From time to time the Court may place a company into liquidation without the company’s directors even being aware that any proceedings were on foot. Alternatively the directors may have been aware that “something” was happening, but have assumed they had more time to deal with the creditor’s claim than in fact was the case.
Such windings up usually occur when the petitioning creditor bases its application on an expired Statutory Demand (s459) without first obtaining a judgment. This is often the case when the debt is relatively small. The creditor’s approach is perfectly valid and effective where there is no dispute regarding the existence or quantum of the debt.
The first that the directors know of the winding up is when the liquidators contact them to pass on the unwelcome news of the Order having been made.
Typically the first reaction of the company is an offer to immediately pay the petitioning creditor’s claim and costs. Quite often funds are held by the company to accomplish this. The directors will normally protest to the liquidator (often loudly and emphatically) that the company is solvent and should not be in liquidation. The assumption of the director is that payment of the petitioning creditor’s claim and costs will automatically cause the liquidator and the winding up process to go away. Unfortunately for the company it is not as simple as that.
The eventual solution that the company desires is an Order from the Court under section 482 terminating the winding up. The company may also seek an interim Order under the same section seeking a temporary stay of the winding up.
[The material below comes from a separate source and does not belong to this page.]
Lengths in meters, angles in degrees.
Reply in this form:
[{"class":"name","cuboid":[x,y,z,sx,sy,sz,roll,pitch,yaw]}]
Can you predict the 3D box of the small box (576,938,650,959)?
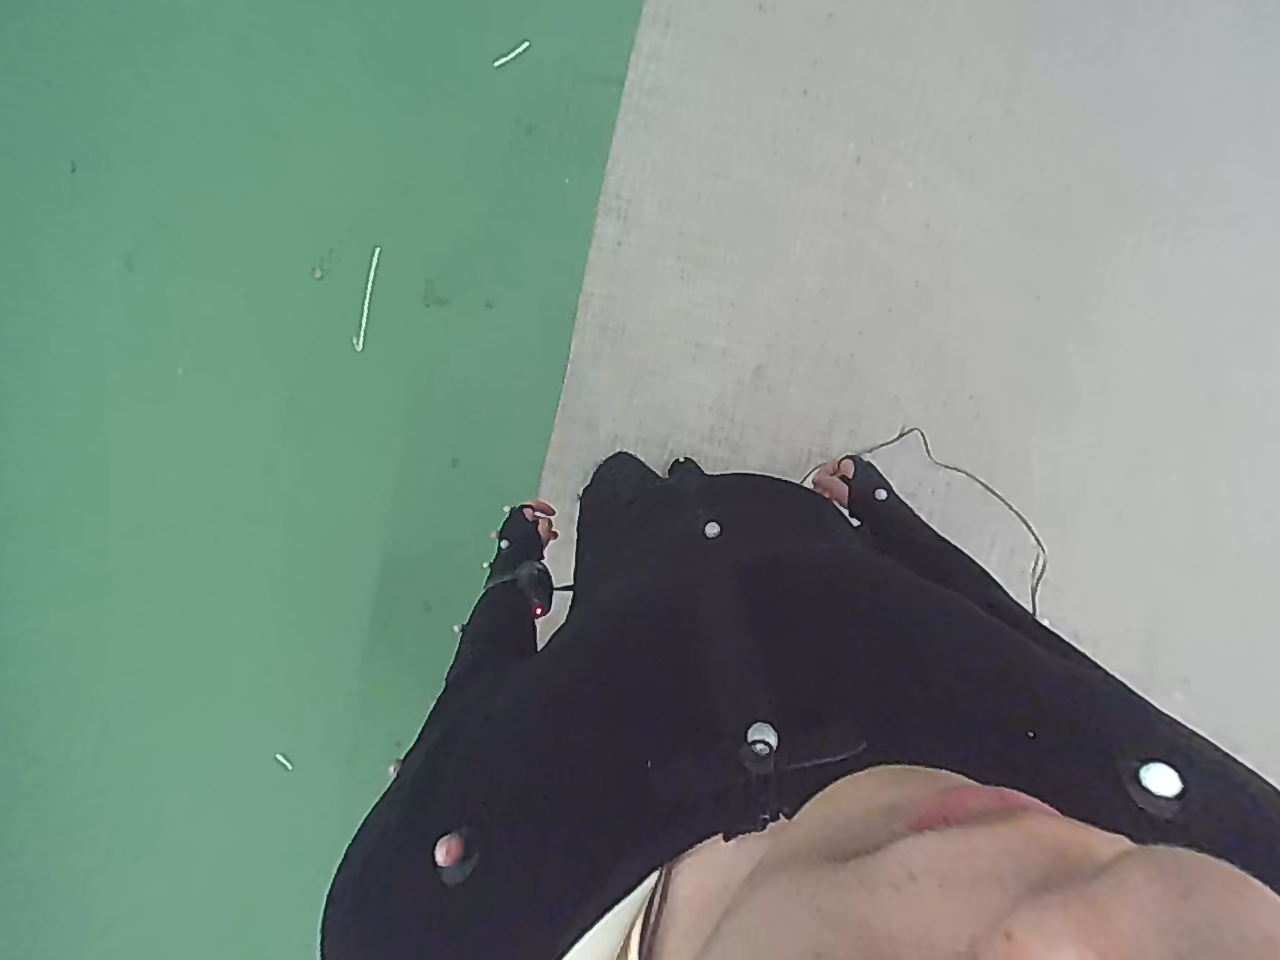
[{"class":"small box","cuboid":[-0.053,0.943,0.920,0.168,0.176,0.179,14,98,5]}]

Before terminating a winding up the Court will want to be entirely satisfied that the company is solvent and will usually expect a report from the liquidator in regard to solvency and any other relevant fact or matter (s432(2)). At the very least the Court will expect material to be filed by the company demonstrating solvency together with an affidavit from the liquidator commenting on the company’s material. If the company is not shown to be solvent the winding up will not be terminated. When considering solvency all debts and obligation need to be considered including accrued staff entitlements, unremitted PAYG with-holding and GST.
In the absence of a very prompt application for a temporary stay of the winding up, the liquidator must take sufficient steps to protect the assets of the company, notwithstanding that it is intended that an application for termination is to be made. The degree to which the liquidator becomes involved with the affairs of the company will depend on the circumstances and the liquidator’s preliminary assessment of the likelihood of the termination application being successful. Liquidators will not place any obstacle in the way of a solvent company obtaining a termination order but will insist on protecting the status quo in the interim. Further they will expect that the application will proceed without undue delay. Refusing to co-operate with the liquidator is likely to cause more difficulties than it is intended to avoid.
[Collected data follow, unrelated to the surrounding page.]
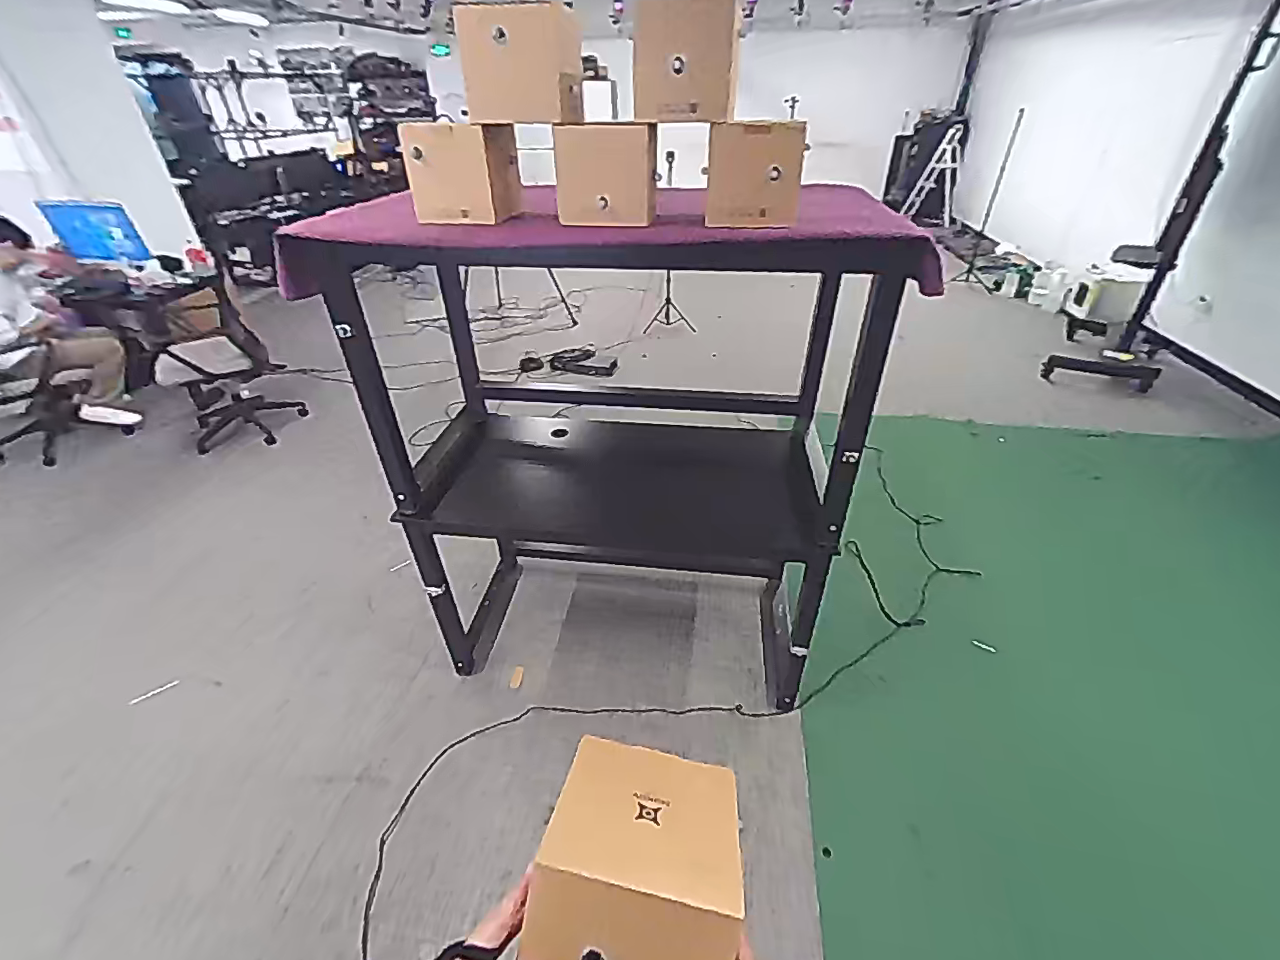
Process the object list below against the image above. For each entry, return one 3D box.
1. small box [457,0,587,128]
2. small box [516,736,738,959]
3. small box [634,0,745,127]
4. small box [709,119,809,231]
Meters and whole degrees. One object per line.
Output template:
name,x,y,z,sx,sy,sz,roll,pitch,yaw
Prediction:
small box,-0.202,-0.742,0.979,0.179,0.176,0.168,6,35,8
small box,-0.008,0.375,0.495,0.168,0.176,0.179,10,6,5
small box,0.090,-0.722,0.947,0.168,0.176,0.179,7,35,10
small box,0.222,-0.575,1.021,0.168,0.176,0.179,6,35,10

Occasionally the liquidator finds that the company is in fact insolvent but nevertheless has a business worth protecting. In such circumstances the Court is unlikely to grant an Order terminating the winding up. However the liquidator (but not the company) may appoint an administrator under section 436B with a view to the company proposing a Deed of Company Arrangement to creditors. Should creditors accept the proposal and provided the company becomes solvent as a result of that Deed, the Court will then normally terminate the winding up.
The bottom line is that the Court will not terminate a winding up without a full review of the company assets and liabilities and any other relevant matters.